The research could also contribute to other vaccines, as other bacteria have similar processes for acquiring hemoglobin. As bacteria become more resistant to treatment, vaccines could provide a different strategy for combating them.
“We’re running out of antibiotics for a lot of diseases,” Elkins says. “If a vaccine might work for a lot of diseases, it might be the way to go.”
When Elkins came to CLU more than 40 years ago, he had no idea he’d end up in microbiology. He declared a physical education major and was most interested in playing football and basketball. Then, he took an anatomy and physiology class.
“I changed my major after that course,” he recalls.

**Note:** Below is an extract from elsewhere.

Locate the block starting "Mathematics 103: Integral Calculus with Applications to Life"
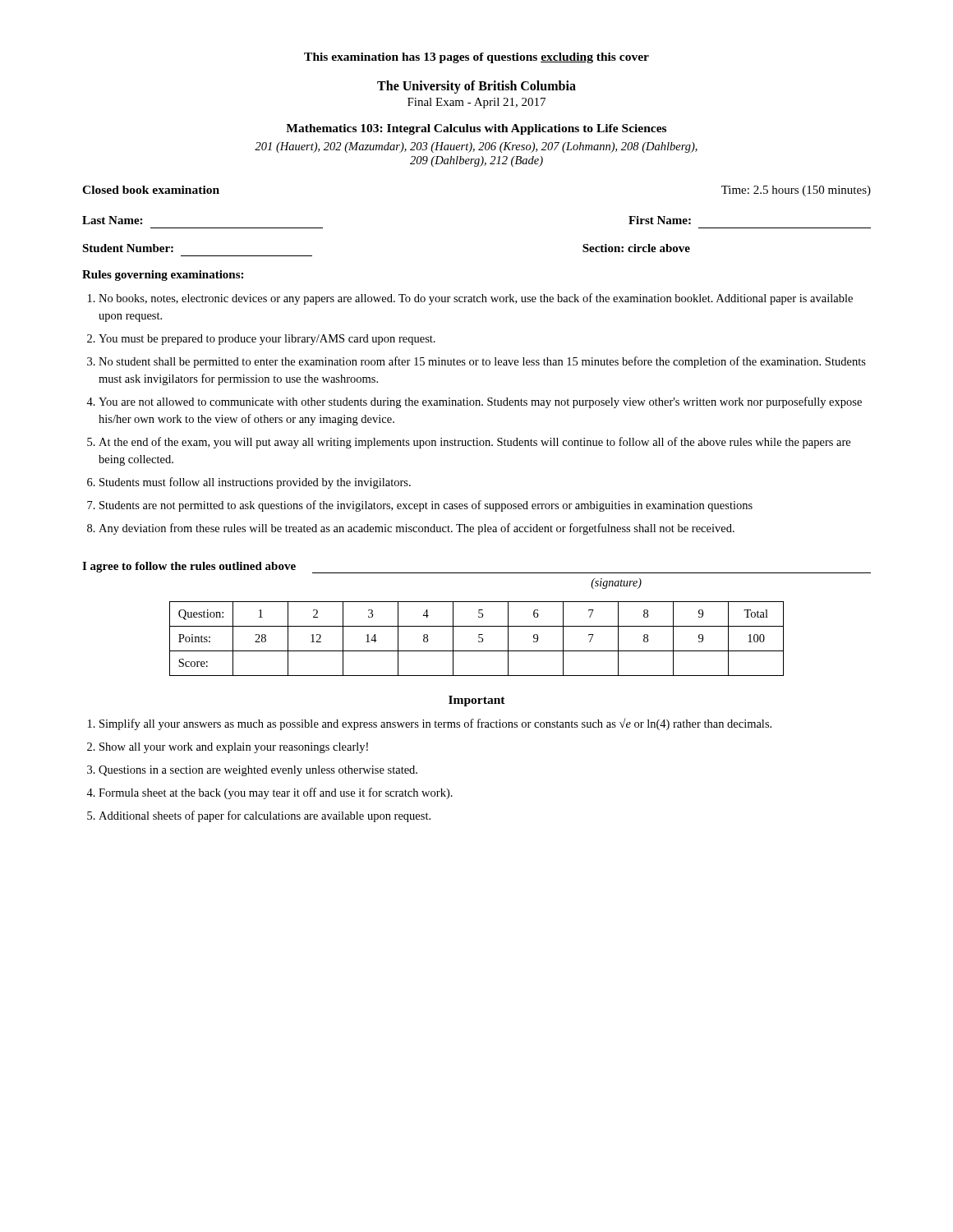 point(476,128)
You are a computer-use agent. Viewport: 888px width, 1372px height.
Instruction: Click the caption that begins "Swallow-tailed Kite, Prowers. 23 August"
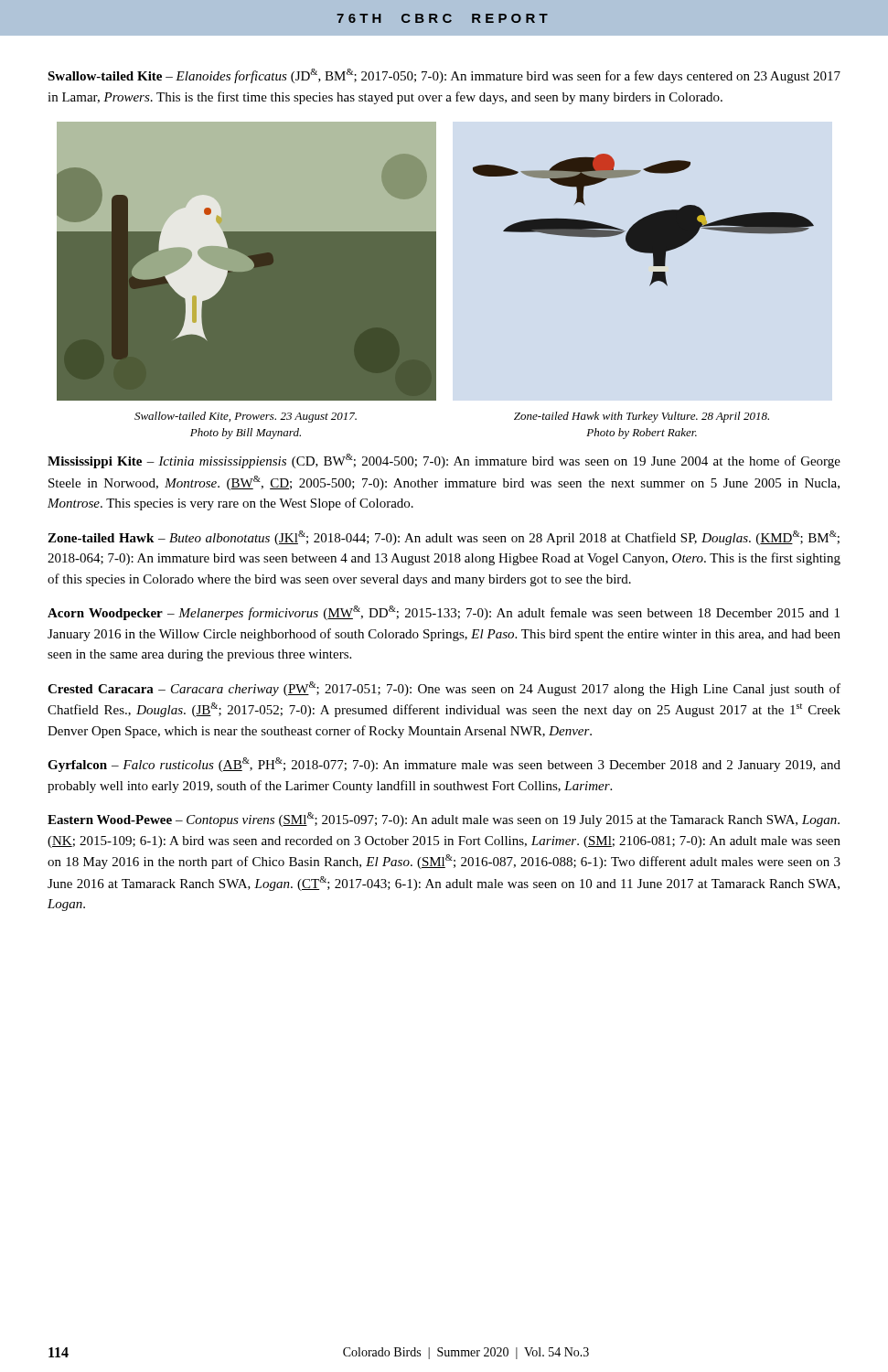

Elkins went on to get his master’s in medical technology from the University of Vermont in 1978 and his Ph.D. in microbiology from Hahnemann University Hospital in 1988. He has worked at UNC for 20 years, where he is an associate professor in the medical school.
“It’s such interesting work,” Elkins asserts. “I remember when I came here as a post-doc, I was telling the guy, ‘You wouldn’t have to pay me, the work is so interesting.’ It can be rewarding.
Carolyn Quinn is a Ventura-based journalist who has written for the Ventura County Star and the Charlotte Sun newspaper in Charlotte County, Fla.